(Data shown)

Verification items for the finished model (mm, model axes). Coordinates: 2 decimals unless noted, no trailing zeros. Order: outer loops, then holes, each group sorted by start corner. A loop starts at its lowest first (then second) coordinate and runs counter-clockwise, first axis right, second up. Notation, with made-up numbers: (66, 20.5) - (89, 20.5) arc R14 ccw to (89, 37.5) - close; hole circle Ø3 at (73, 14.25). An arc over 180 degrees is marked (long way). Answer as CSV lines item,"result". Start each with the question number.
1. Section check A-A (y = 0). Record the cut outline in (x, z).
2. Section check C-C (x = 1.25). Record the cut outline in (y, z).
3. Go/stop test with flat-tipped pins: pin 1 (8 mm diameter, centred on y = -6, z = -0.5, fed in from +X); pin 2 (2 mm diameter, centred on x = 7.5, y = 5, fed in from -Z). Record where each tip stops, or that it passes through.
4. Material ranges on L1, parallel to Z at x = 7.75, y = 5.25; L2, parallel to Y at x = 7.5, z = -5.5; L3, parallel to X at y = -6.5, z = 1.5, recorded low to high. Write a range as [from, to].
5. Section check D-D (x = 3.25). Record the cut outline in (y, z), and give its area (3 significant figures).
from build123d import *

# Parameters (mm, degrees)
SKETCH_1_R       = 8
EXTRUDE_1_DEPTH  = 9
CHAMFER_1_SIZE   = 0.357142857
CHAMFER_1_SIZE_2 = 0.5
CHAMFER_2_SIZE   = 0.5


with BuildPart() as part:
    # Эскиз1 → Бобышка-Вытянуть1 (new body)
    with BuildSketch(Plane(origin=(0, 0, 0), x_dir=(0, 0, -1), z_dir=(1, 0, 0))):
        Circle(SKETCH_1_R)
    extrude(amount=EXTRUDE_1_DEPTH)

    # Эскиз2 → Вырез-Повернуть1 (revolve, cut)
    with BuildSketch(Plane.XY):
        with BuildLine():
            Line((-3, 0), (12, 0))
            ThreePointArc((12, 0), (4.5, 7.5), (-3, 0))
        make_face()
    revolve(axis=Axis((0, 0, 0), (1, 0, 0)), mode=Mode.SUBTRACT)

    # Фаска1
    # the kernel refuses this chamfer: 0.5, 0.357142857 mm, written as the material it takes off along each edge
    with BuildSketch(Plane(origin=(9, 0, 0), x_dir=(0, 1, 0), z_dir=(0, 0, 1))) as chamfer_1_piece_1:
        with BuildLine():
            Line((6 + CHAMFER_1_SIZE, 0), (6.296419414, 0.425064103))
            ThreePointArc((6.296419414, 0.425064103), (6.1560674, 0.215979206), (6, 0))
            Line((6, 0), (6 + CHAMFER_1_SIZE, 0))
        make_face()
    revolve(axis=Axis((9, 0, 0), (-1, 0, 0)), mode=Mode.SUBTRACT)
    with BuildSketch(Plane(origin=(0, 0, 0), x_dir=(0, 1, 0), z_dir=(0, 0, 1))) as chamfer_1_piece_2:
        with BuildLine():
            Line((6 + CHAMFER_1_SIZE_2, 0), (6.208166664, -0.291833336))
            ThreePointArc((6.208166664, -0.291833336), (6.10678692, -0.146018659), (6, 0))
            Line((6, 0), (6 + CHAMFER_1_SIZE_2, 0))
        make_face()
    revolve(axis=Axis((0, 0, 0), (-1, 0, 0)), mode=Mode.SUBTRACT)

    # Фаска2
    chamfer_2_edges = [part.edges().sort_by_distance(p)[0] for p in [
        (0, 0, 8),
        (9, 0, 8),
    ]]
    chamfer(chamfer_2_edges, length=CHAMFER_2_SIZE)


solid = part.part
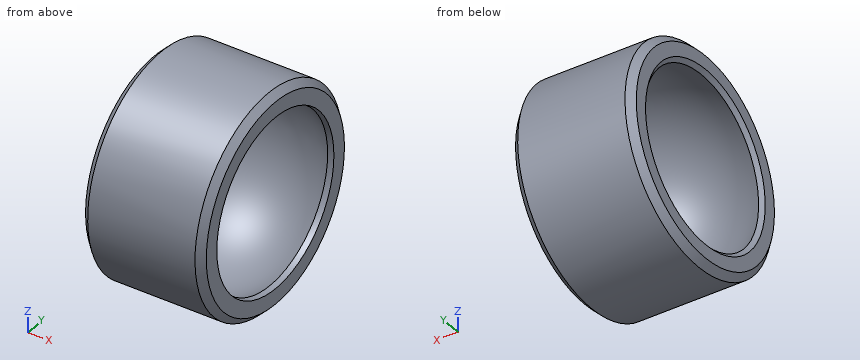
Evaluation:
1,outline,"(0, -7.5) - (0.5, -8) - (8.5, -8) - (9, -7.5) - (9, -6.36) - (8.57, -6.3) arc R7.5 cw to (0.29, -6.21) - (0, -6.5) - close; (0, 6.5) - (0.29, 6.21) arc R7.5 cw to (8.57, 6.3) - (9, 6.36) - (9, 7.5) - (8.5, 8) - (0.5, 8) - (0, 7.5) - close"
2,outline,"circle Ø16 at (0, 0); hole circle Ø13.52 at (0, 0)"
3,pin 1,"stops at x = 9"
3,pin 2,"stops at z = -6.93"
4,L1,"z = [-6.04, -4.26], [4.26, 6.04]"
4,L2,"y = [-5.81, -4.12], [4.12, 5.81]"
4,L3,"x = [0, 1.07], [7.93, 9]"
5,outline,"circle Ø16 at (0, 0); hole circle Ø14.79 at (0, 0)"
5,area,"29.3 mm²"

(End Data shown)

## Exercise aim
What is needed is an exact copy of the records above, with no pictures in it.

## Completed exercise
Verification items for the finished model (mm, model axes). Coordinates: 2 decimals unless noted, no trailing zeros. Order: outer loops, then holes, each group sorted by start corner. A loop starts at its lowest first (then second) coordinate and runs counter-clockwise, first axis right, second up. Notation, with made-up numbers: (66, 20.5) - (89, 20.5) arc R14 ccw to (89, 37.5) - close; hole circle Ø3 at (73, 14.25). An arc over 180 degrees is marked (long way). Answer as CSV lines item,"result". Start each with the question number.
1. Section check A-A (y = 0). Record the cut outline in (x, z).
2. Section check C-C (x = 1.25). Record the cut outline in (y, z).
3. Go/stop test with flat-tipped pins: pin 1 (8 mm diameter, centred on y = -6, z = -0.5, fed in from +X); pin 2 (2 mm diameter, centred on x = 7.5, y = 5, fed in from -Z). Record where each tip stops, or that it passes through.
4. Material ranges on L1, parallel to Z at x = 7.75, y = 5.25; L2, parallel to Y at x = 7.5, z = -5.5; L3, parallel to X at y = -6.5, z = 1.5, recorded low to high. Write a range as [from, to].
5. Section check D-D (x = 3.25). Record the cut outline in (y, z), and give its area (3 significant figures).
from build123d import *

# Parameters (mm, degrees)
SKETCH_1_R       = 8
EXTRUDE_1_DEPTH  = 9
CHAMFER_1_SIZE   = 0.357142857
CHAMFER_1_SIZE_2 = 0.5
CHAMFER_2_SIZE   = 0.5


with BuildPart() as part:
    # Эскиз1 → Бобышка-Вытянуть1 (new body)
    with BuildSketch(Plane(origin=(0, 0, 0), x_dir=(0, 0, -1), z_dir=(1, 0, 0))):
        Circle(SKETCH_1_R)
    extrude(amount=EXTRUDE_1_DEPTH)

    # Эскиз2 → Вырез-Повернуть1 (revolve, cut)
    with BuildSketch(Plane.XY):
        with BuildLine():
            Line((-3, 0), (12, 0))
            ThreePointArc((12, 0), (4.5, 7.5), (-3, 0))
        make_face()
    revolve(axis=Axis((0, 0, 0), (1, 0, 0)), mode=Mode.SUBTRACT)

    # Фаска1
    # the kernel refuses this chamfer: 0.5, 0.357142857 mm, written as the material it takes off along each edge
    with BuildSketch(Plane(origin=(9, 0, 0), x_dir=(0, 1, 0), z_dir=(0, 0, 1))) as chamfer_1_piece_1:
        with BuildLine():
            Line((6 + CHAMFER_1_SIZE, 0), (6.296419414, 0.425064103))
            ThreePointArc((6.296419414, 0.425064103), (6.1560674, 0.215979206), (6, 0))
            Line((6, 0), (6 + CHAMFER_1_SIZE, 0))
        make_face()
    revolve(axis=Axis((9, 0, 0), (-1, 0, 0)), mode=Mode.SUBTRACT)
    with BuildSketch(Plane(origin=(0, 0, 0), x_dir=(0, 1, 0), z_dir=(0, 0, 1))) as chamfer_1_piece_2:
        with BuildLine():
            Line((6 + CHAMFER_1_SIZE_2, 0), (6.208166664, -0.291833336))
            ThreePointArc((6.208166664, -0.291833336), (6.10678692, -0.146018659), (6, 0))
            Line((6, 0), (6 + CHAMFER_1_SIZE_2, 0))
        make_face()
    revolve(axis=Axis((0, 0, 0), (-1, 0, 0)), mode=Mode.SUBTRACT)

    # Фаска2
    chamfer_2_edges = [part.edges().sort_by_distance(p)[0] for p in [
        (0, 0, 8),
        (9, 0, 8),
    ]]
    chamfer(chamfer_2_edges, length=CHAMFER_2_SIZE)


solid = part.part
Evaluation:
1,outline,"(0, -7.5) - (0.5, -8) - (8.5, -8) - (9, -7.5) - (9, -6.36) - (8.57, -6.3) arc R7.5 cw to (0.29, -6.21) - (0, -6.5) - close; (0, 6.5) - (0.29, 6.21) arc R7.5 cw to (8.57, 6.3) - (9, 6.36) - (9, 7.5) - (8.5, 8) - (0.5, 8) - (0, 7.5) - close"
2,outline,"circle Ø16 at (0, 0); hole circle Ø13.52 at (0, 0)"
3,pin 1,"stops at x = 9"
3,pin 2,"stops at z = -6.93"
4,L1,"z = [-6.04, -4.26], [4.26, 6.04]"
4,L2,"y = [-5.81, -4.12], [4.12, 5.81]"
4,L3,"x = [0, 1.07], [7.93, 9]"
5,outline,"circle Ø16 at (0, 0); hole circle Ø14.79 at (0, 0)"
5,area,"29.3 mm²"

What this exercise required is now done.